Your client will evalaute your report on a single personal computer that has R installed and 16GB memory.

  • Your feature processing needs to be reasonably efficient as you will have only 30 minutes to process 2,500 new images.
  • Your main.rmd should
    • have a folder path as an input that point to the folder of training images. The folder will have the same structure as the training data released to you;
    • and output a report on the performance of both the baseline and the improved models;
    • if you use tools outside R, please provide detailed instruction on the installation and use of these tools.
Reproducibility requirement

Each team should organize the project repo on GitHub according to the structure of the starter codes.

data/
GitHub_proj/
├──doc/
├────main.RMD
├──figs/
├──lib/
├──output/
├──README.md
  • In data, team members should individually save raw image data and a file that contains groundtruth labels for the images on their local computer. Currently there is a data folder with example hand-written zipcode images for the starter codes. You should remove it from your final repo.
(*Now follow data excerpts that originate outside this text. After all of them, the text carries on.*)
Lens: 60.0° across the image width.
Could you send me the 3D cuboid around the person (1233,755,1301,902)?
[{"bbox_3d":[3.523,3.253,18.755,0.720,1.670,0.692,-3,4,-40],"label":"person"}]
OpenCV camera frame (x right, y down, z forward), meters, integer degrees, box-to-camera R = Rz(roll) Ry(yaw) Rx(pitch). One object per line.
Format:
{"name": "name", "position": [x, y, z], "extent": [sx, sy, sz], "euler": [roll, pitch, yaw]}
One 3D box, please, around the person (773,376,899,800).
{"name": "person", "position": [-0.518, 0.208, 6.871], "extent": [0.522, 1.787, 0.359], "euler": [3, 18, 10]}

You shall NOT upload the images as these are copy-right protected materials.
  • The doc folder should have documentations for this project, presentation files and other supporting materials. You should have a final main.RMD following the template given in the starter codes. Your main.RMD can assume that there is a data folder of raw images outside the root with subfolders corresponding to the training set and the test set.
  • The figs folder contains figure files produced during the project and running of the codes.
  • (For R users) The lib folder contain R codes for the AI program. It should have the following files: feature.R, train.R, and test.R. The codes in the lib folder are not intended to be run directly but to be called from main.RMD.
  • The output folder is the holding place for feature extracted, other intermediate and final results.
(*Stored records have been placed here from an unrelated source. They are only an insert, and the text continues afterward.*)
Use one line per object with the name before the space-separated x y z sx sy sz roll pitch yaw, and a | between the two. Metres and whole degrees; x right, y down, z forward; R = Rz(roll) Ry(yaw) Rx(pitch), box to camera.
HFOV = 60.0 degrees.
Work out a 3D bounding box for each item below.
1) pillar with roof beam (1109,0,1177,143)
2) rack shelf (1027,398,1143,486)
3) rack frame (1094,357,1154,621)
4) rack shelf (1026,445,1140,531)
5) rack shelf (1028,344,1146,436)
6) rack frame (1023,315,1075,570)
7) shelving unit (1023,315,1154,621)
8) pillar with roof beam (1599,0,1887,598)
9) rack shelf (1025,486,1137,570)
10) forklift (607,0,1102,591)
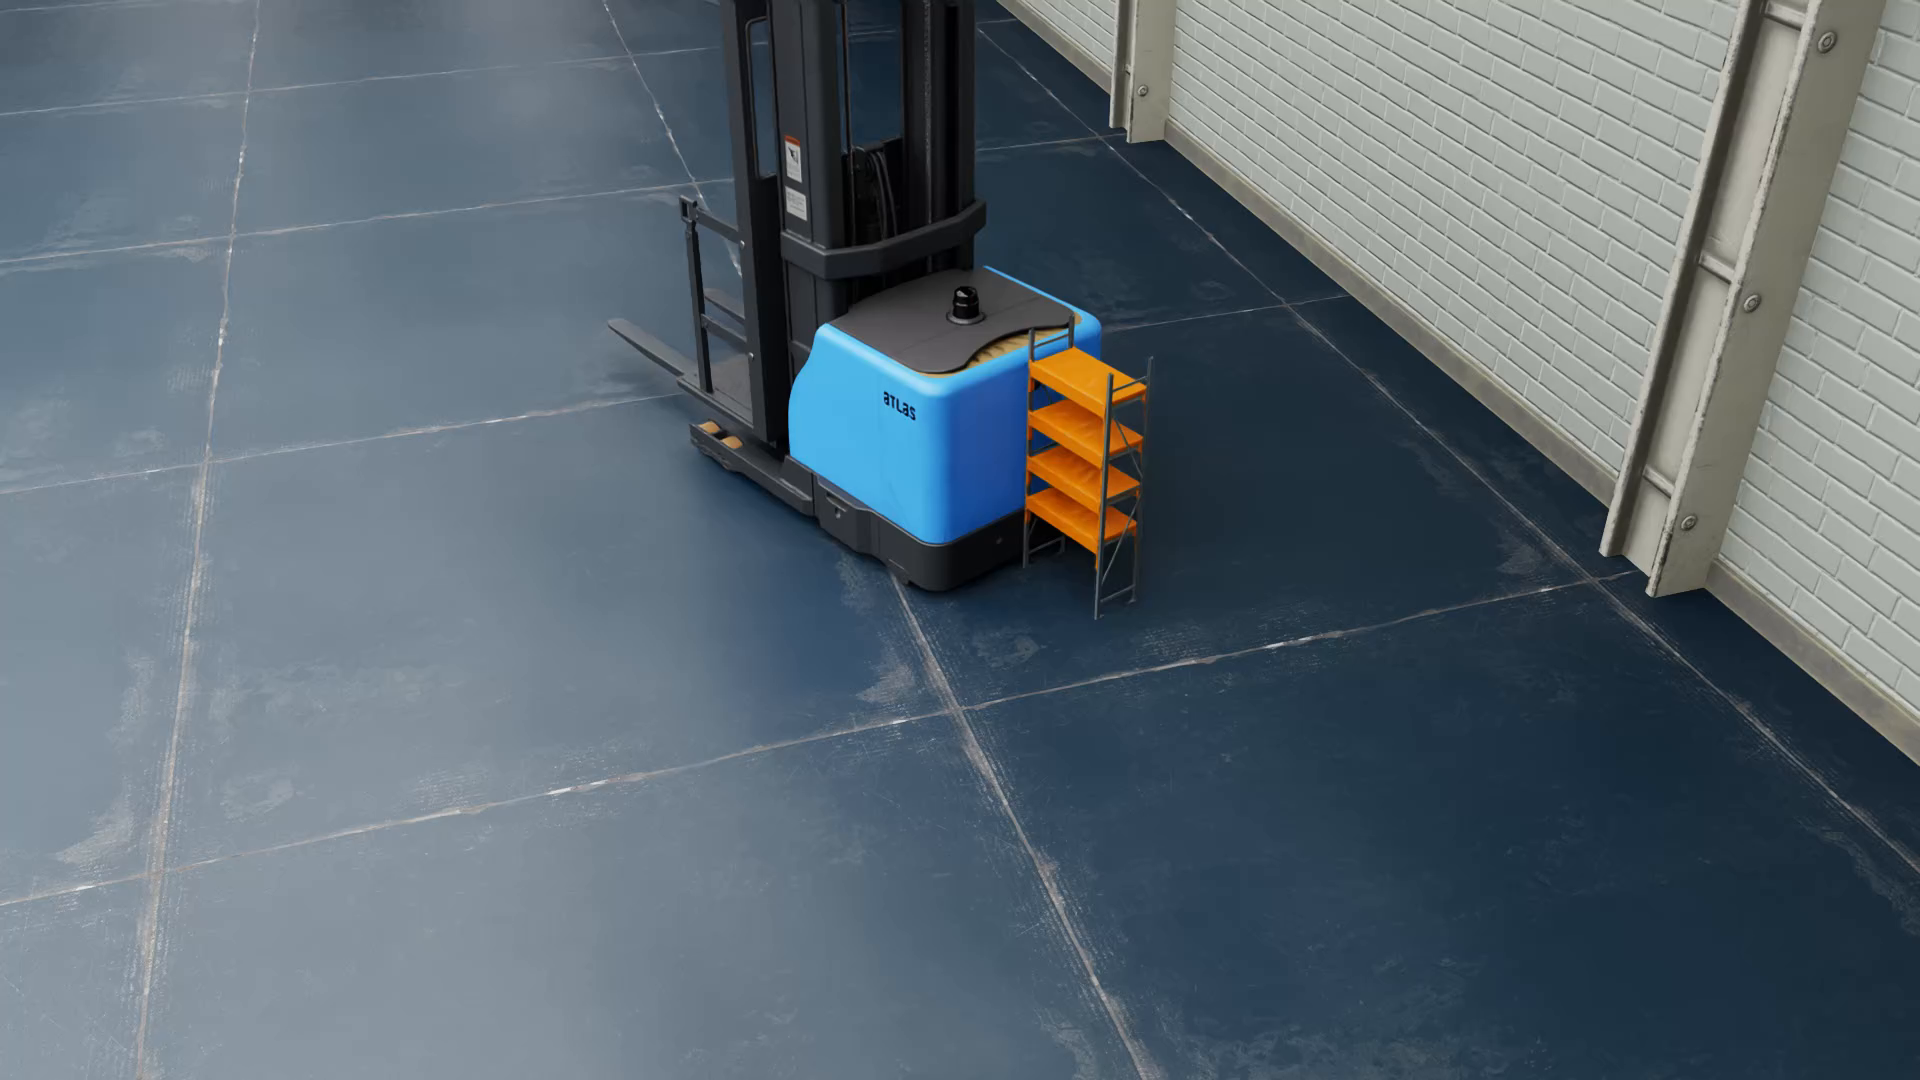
pillar with roof beam | -2.778 -6.054 8.749 9.100 9.000 0.400 -10 35 -15
rack shelf | 0.533 -0.431 7.030 0.258 0.148 0.480 -23 40 -31
rack frame | 0.682 -0.194 6.955 0.240 1.200 0.015 -23 40 -31
rack shelf | 0.533 -0.244 7.153 0.258 0.148 0.480 -23 40 -31
rack shelf | 0.533 -0.628 6.899 0.258 0.148 0.480 -23 40 -31
rack frame | 0.384 -0.407 7.277 0.240 1.200 0.015 -23 40 -31
shelving unit | 0.533 -0.300 7.116 0.258 1.200 0.503 -23 40 -31
pillar with roof beam | -0.948 -2.904 3.982 9.100 9.000 0.400 -10 35 -15
rack shelf | 0.533 -0.078 7.262 0.258 0.148 0.480 -23 40 -31
forklift | -0.706 -1.734 7.715 1.130 2.935 3.031 -26 41 -33
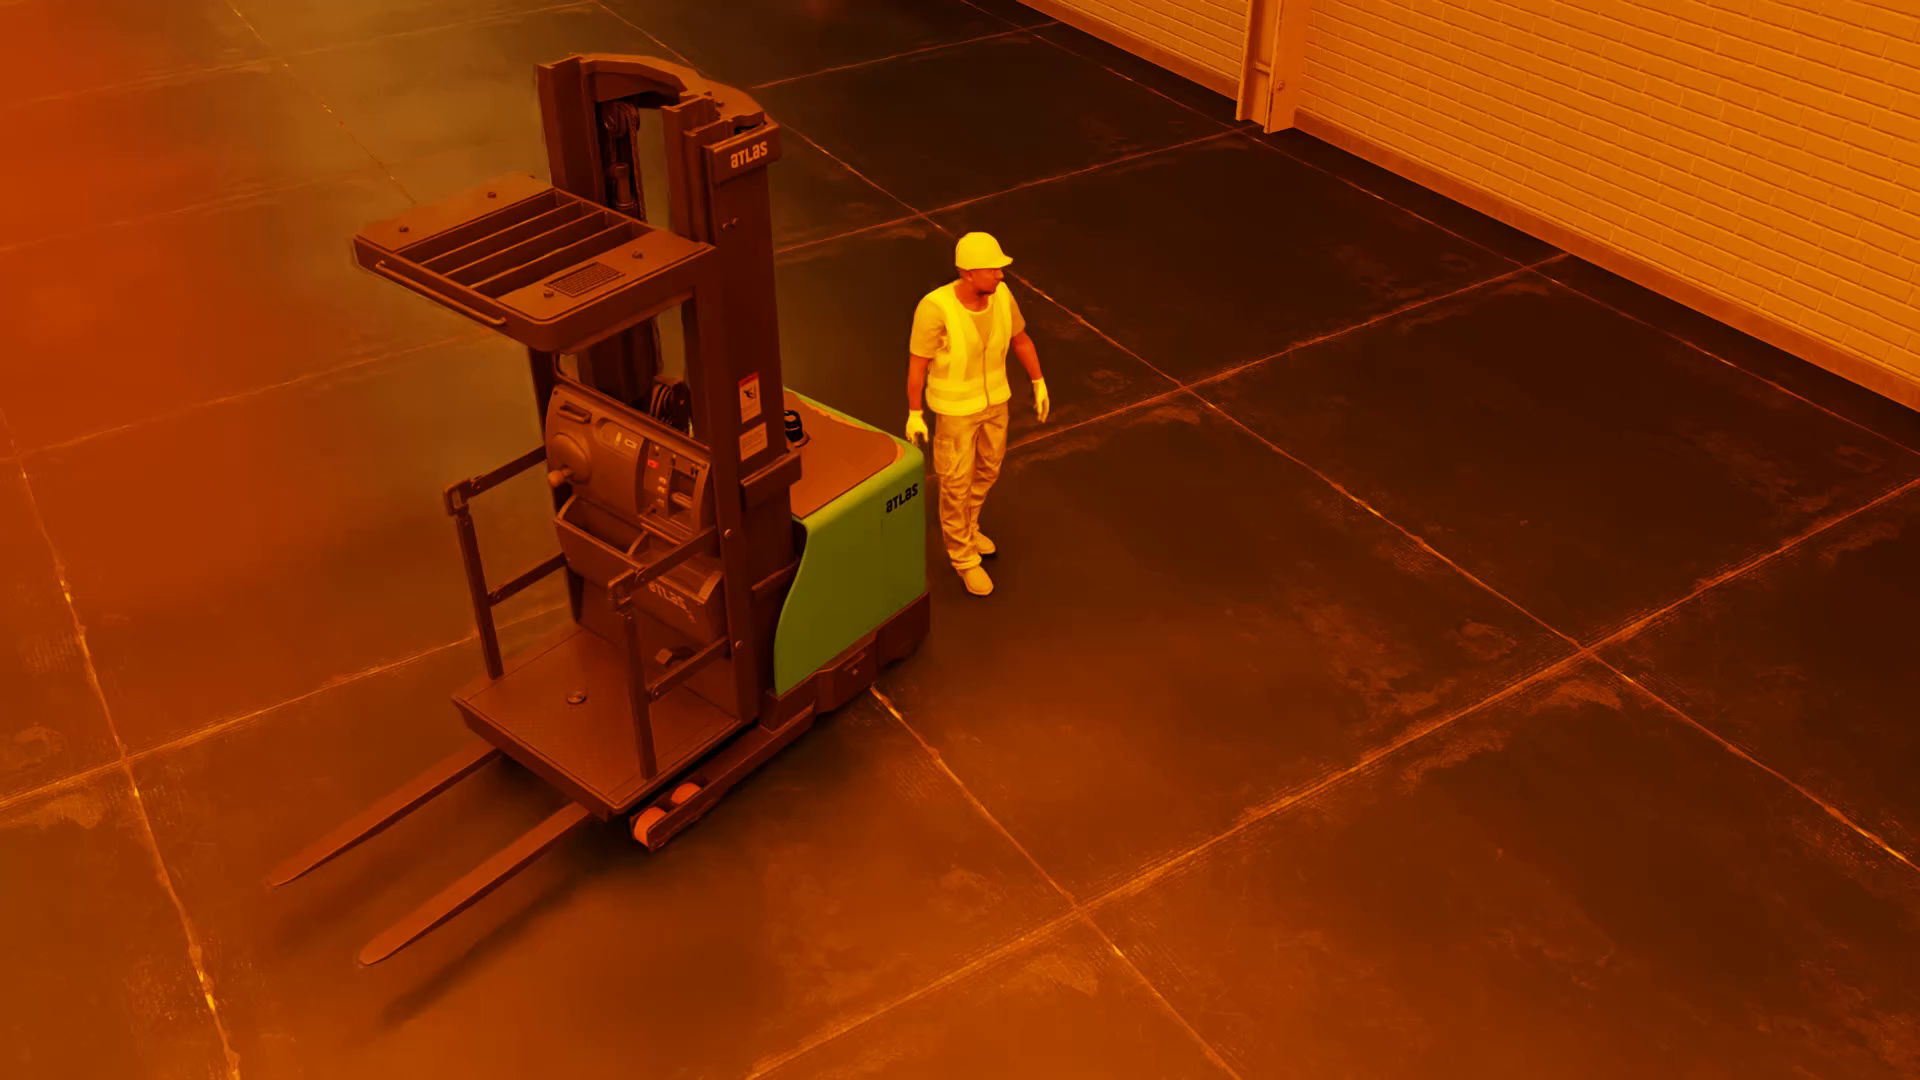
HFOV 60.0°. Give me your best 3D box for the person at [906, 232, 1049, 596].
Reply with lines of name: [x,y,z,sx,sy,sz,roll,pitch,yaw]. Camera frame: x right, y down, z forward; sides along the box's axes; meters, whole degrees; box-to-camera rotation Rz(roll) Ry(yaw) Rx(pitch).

The instructional team will download each team's GitHub repo and cross-examine each team's proposal for reproducibility on the current dataset and for reliability using a different dataset.

Suggested team workflow
  1. [wk1] Week 1 is the planning week. Read data description, fully understand the project requirement, and browse data and the starter codes.
  2. [wk1] As a team, download the data, discuss data management need of this project, and try adapt the starter codes to a subset of images to a sense of computational burden of this project.
  3. [wk1] As a team, read and brainstorm about possible lead on features.
  4. [wk2] Based on outcomes from week 1 brainstorm sessions, start data cleaning (start early on this one!)
  5. [wk2] Week 2 is the exploration week. Try different features and classifiers.
  6. [wk2] It is ok to have 2-3 leads to explore at the beginning of week 2 but it is better to converge on a single direction by the end of week 2 (Oct 16/17).
  7. [wk 3+4] Week 3/4 is program evaluation weeks. By Oct 23/24 (the beginning of week 3), you should have a clear plan on what set of features to consider and what set of classifiers to consider. During the final week, there will be some serious model training, validation and testing, which is likely to take some time. (Start early!)
  8. [wk 3+4] By Oct 23/24, you should layout a to-do list and divide up tasks. Teams should work together and resolve any ambiguity about which team member should be doing what for this project. This is extremly important for this project due to the computational nature of this project.
Working together
  • Setup a GitHub project folder with everyone listed as contributor. Everyone clones the project locally and create a local branch.
  • The data is too big to be stored on GitHub. You can fork the repo to a local folder for this class or all your data science projects and have the data stored in "../data/" from root. Your project folder may look like
local proj/
├──data/
├──GitHub/
├── README
  • The team can work with subgroups of 2-3 work together more frequently than the entire team. However, everyone should check in regularly on group discussion online and changes in the GitHub folder.
Example starter codes

As example, you can find in the GitHub starter codes an example using handwritten zipcode data. We will give more examples during tutorials.